Ich häng hier noch nen Beitrag dazu, zum allgemeinen Verständnis, den ich im Golf Forum schrieb.
ZitatAlles anzeigenDa kam ja doch noch einiges an Klärungsbedarf dazu.
Vorweg.... ich kann nur Jedem anraten nicht eigenständig umzuölen bei diesen neuen OPF-Motoren, und Motoren in der Übergangszeit. Das geht schief, denn ist gibt zuviele Faktoren die man nicht kennen kann.
Daher mein Rat. Wer sich unsicher ist, weil er keine klare Vorgabe findet, der stellt besser ein paar Anfragen mehr, und läßt sich das schriftlich geben. Schlüßelnummer und Erstzulassung wie Motorcode sind dabei Pflicht, und noch besser ist es, das beim Händler mit der Fahrgestellnummer prüfen zu lassen.
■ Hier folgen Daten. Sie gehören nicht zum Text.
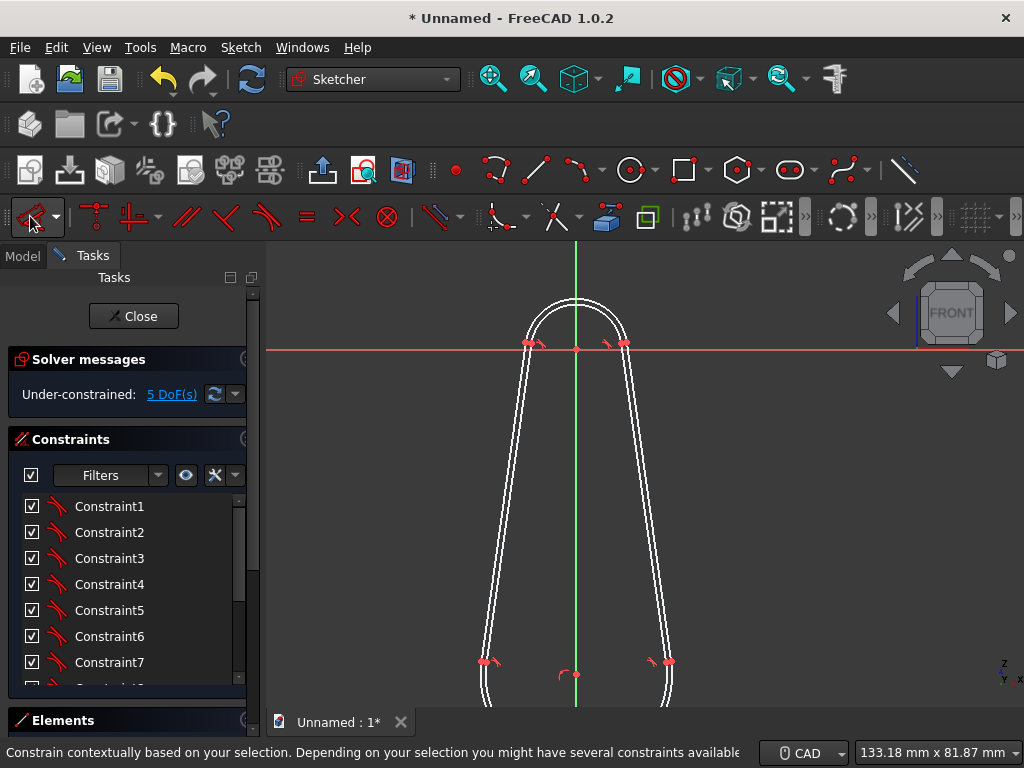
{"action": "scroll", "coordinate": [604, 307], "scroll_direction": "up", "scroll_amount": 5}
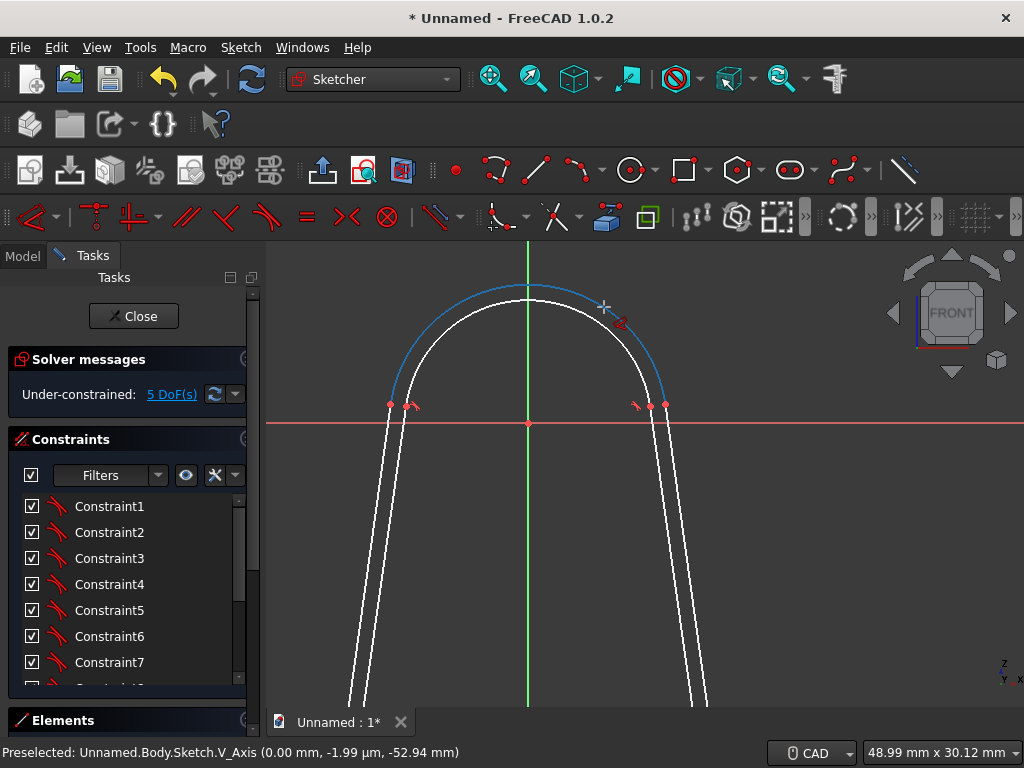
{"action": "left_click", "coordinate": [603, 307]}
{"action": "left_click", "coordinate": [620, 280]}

Das hat durchaus seine Berechtigung, denn nur die Jungs im Werk, welche die Motoren entwickeln und bauen, kennen die Änderungen und mögliche Folgen.
Es ist nicht selten, dass mitten in der Serie ein neues Verfahren verwendet wird, und dann wieder eingestellt wird. Davon kriegt man in der Regel nichts mit, weil man kein Einblick in die Dokumentation hat, die aber hinter der FIN hinterlegt ist.Und es kann sehr wohl zu Motorschäden kommen. Sowohl beim hochölen, und niederölen der Freigaben.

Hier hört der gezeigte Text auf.